As I was recently asked to do some work with the MAX1000, I thought I might share some of my first experiences and impressions with you here.
Before I get started though, you should know that I am not getting paid by either Arrow or Trenz to write this review. Neither am I getting paid by Digilent for that matter. Rather, I’ve been asked to demonstrate that yosys can be used to build a design on an Intel (Altera) platform—something I’m still working on.
The Good
If you are looking for a low-priced FPGA board to get started with, the MAX1000 should fit the bill nicely. Indeed, it has just about all of the basic components within it that you should need to do FPGA work.
It has an 8MB flash and, unlike the CMod S6 I worked with before, the MAX1000 actually has some decent RAM to work with – an 8MB SDRAM. These two items are the basics you will need for any soft CPU work you wish to do. Of course, you’ll also need an LED or two, and the MAX1000 has a nice complement of eight of them. The motion sensor on top is also fun bonus not normally found on most FPGA boards. Further, the motion sensor also contains an accelerometer capability, so a fun project might be to create an electronic level. Even better, the auxilliary A/D that comes as a part of this MEMS motion sensor chip will spare a lot of designers the need to integrate their own digitizer onto board.
While I’m not too excited about the 12MHz oscillator, an on-board PLL turns this nicely into a 100MHz clock for whatever your application might require.
You can even connect your own power supply to the board through its through-hole connectors, in case you wish to run from something other than USB.
Nice, huh?
So what’s missing? Your application. That’s why I said this has just about all of the basic components you will need. However, it has a nice host of GPIO through-holes, and even a place where you might solder in a PMod or perhaps just a PMod header.
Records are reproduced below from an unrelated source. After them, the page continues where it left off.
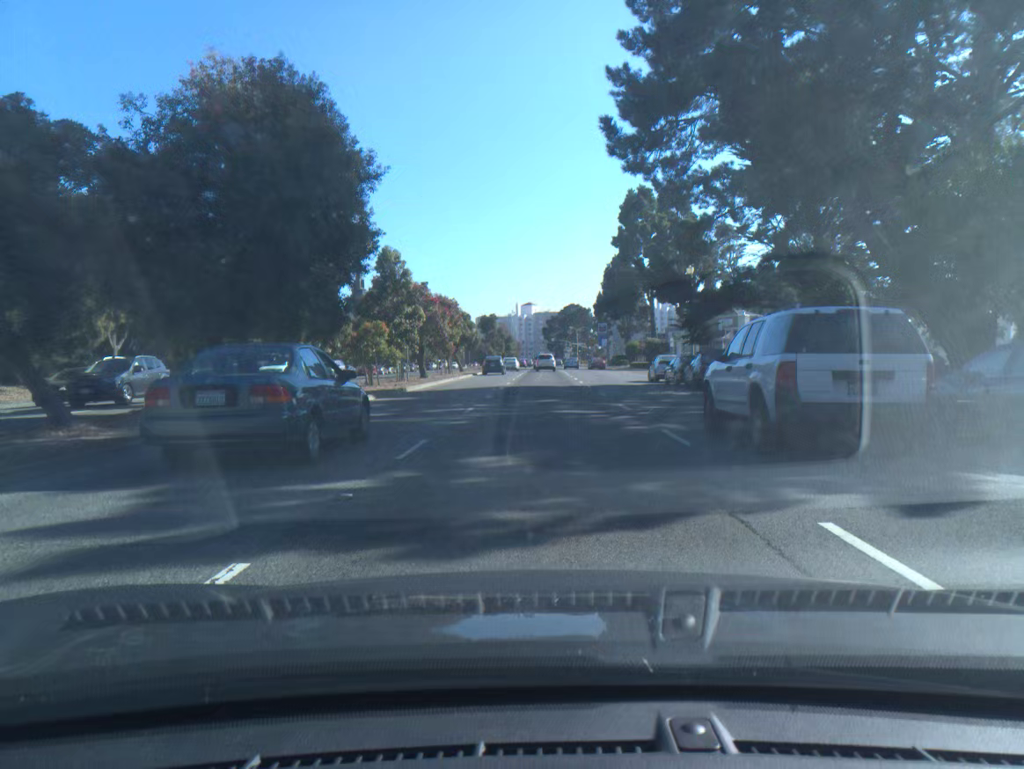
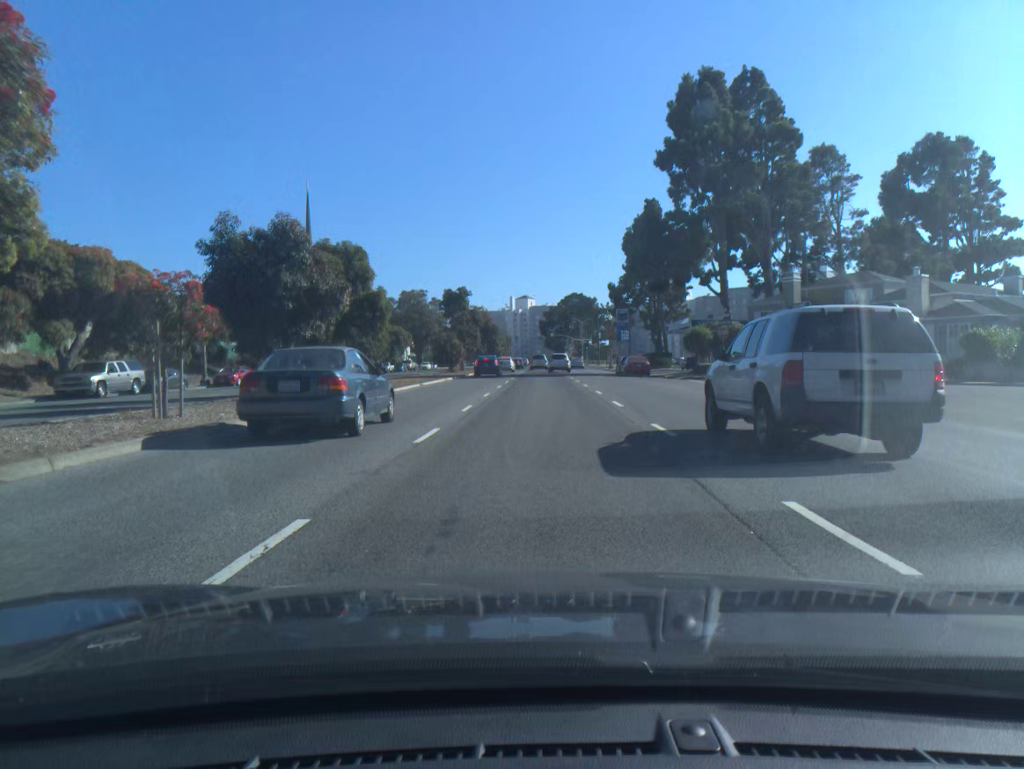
(+0.1, +42.1) m; 0°
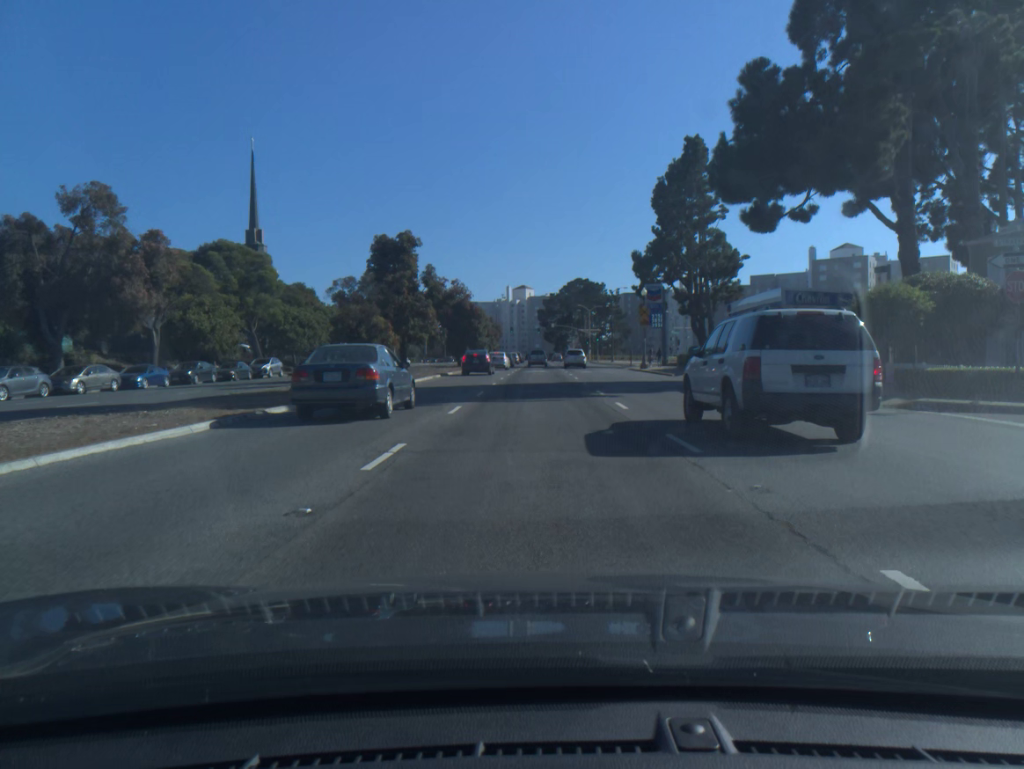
(0.0, +31.3) m; 0°
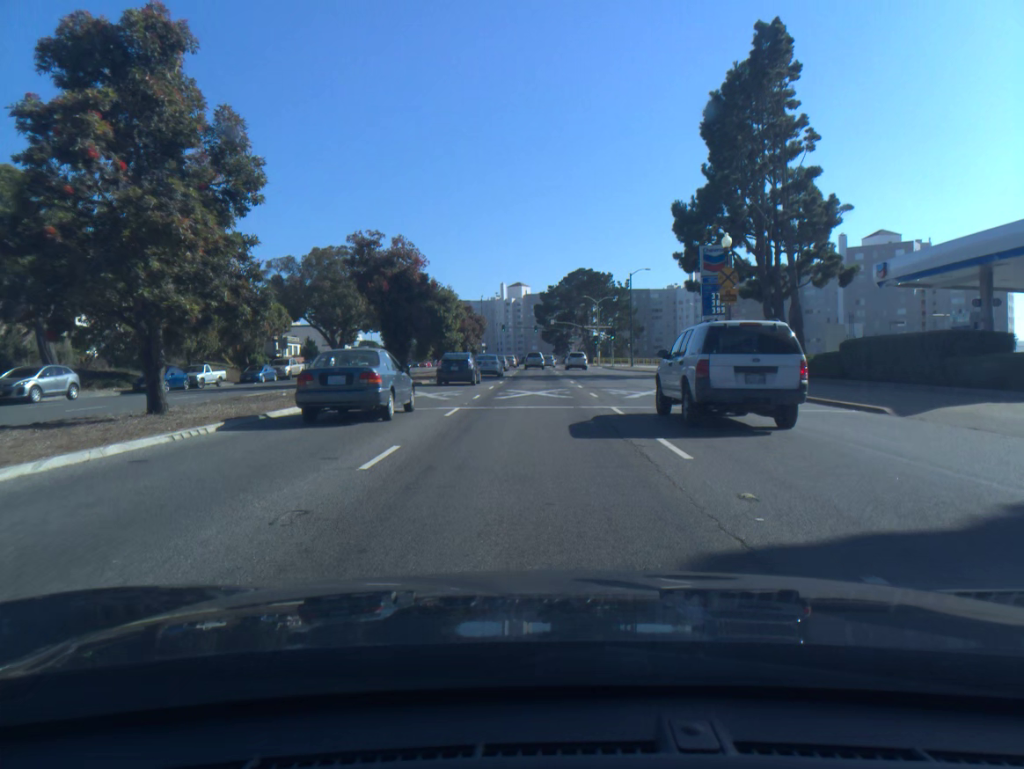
(0.0, +29.0) m; 0°
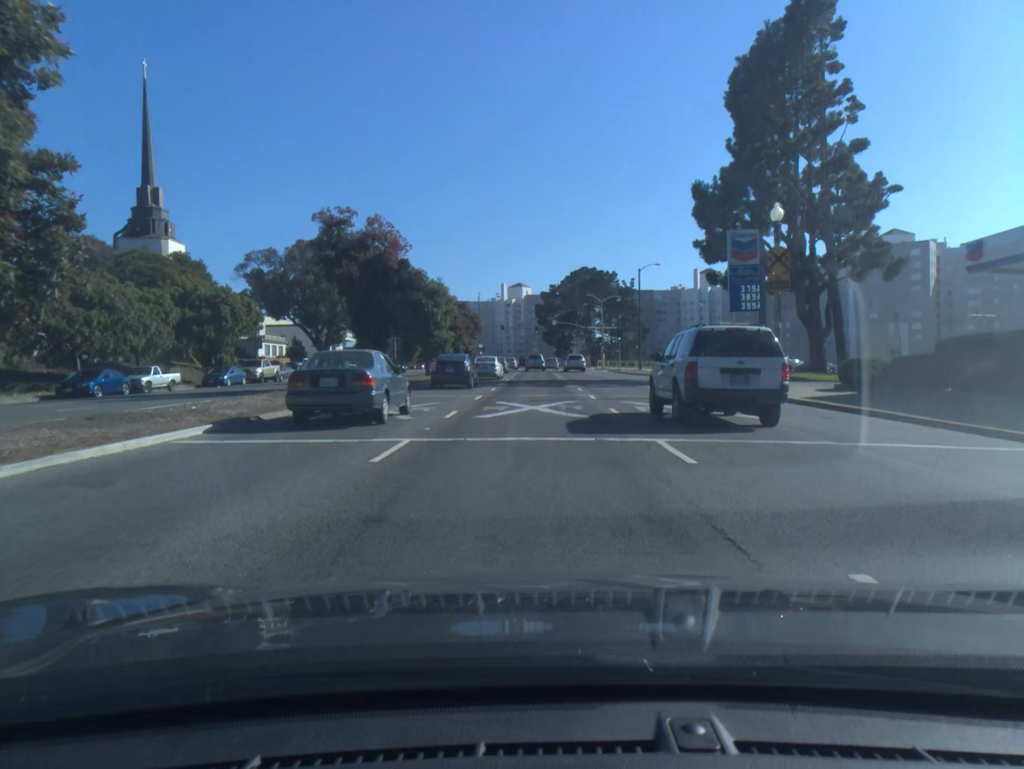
(0.0, +7.1) m; 0°
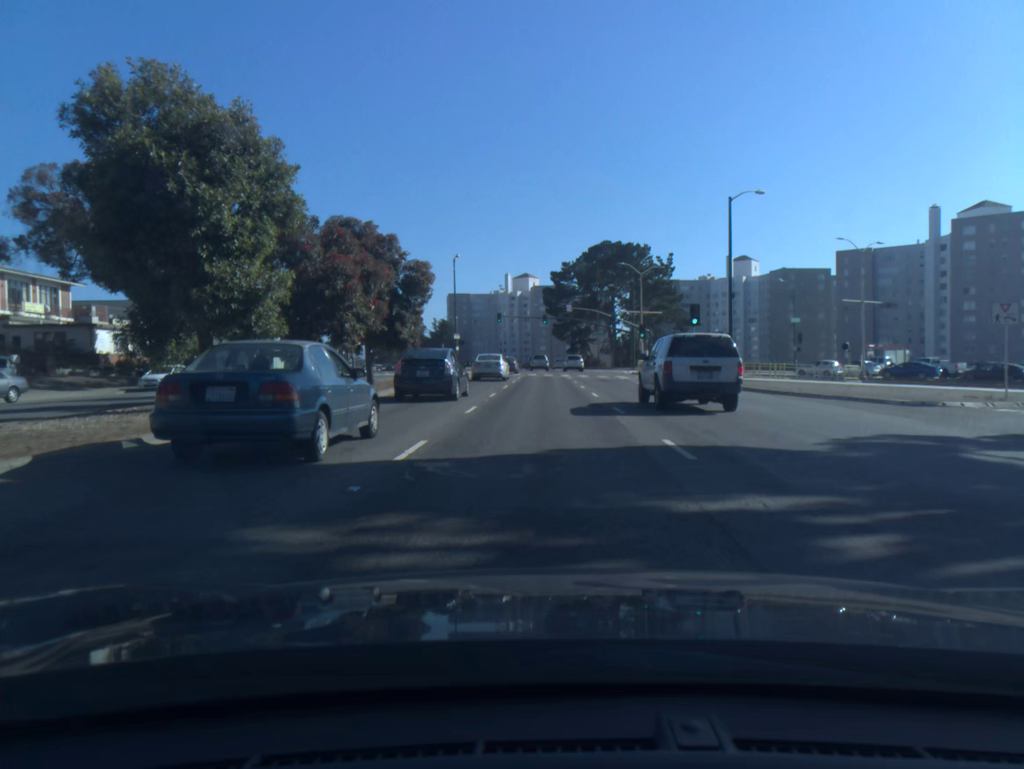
(-0.2, +37.2) m; 0°
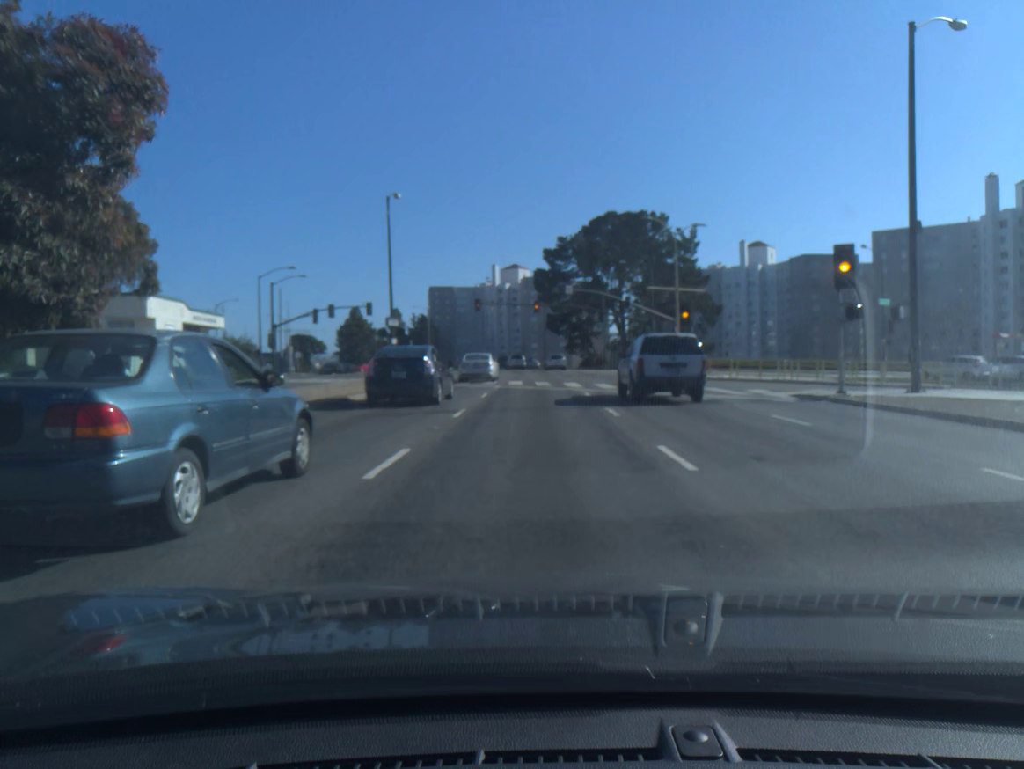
(+0.1, +24.0) m; +1°

What makes this even nicer? The price is only $30. This will make the board a nice entry board for hobbyists who aren’t sure they want to do more, and for classroom instructors who need to purchase a large number of boards to teach with. (You may need to teach soldering at the same time, since the board has only through hole connectors, however.)
The final item that I like about the board is the form factor. I don’t know, maybe it’s just me, but I tend to like really small FPGA boards. Perhaps its because they are easier to integrate into other applications. Perhaps it is some other reason. Either way, I love the form factor. Even if you don’t like small thin boards like I do, though, you will like the fact that there are very few bulky components to get caught on things and ripped off of the board.
Indeed, this board has the makings of being a very nice entry level FPGA board. No, you aren’t going to learn how to process video with this board. However, the possibilities of what you might do with the board remain limited more by your imagination and the size of the MAX-10 FPGA than anything else. What would you like to do with it?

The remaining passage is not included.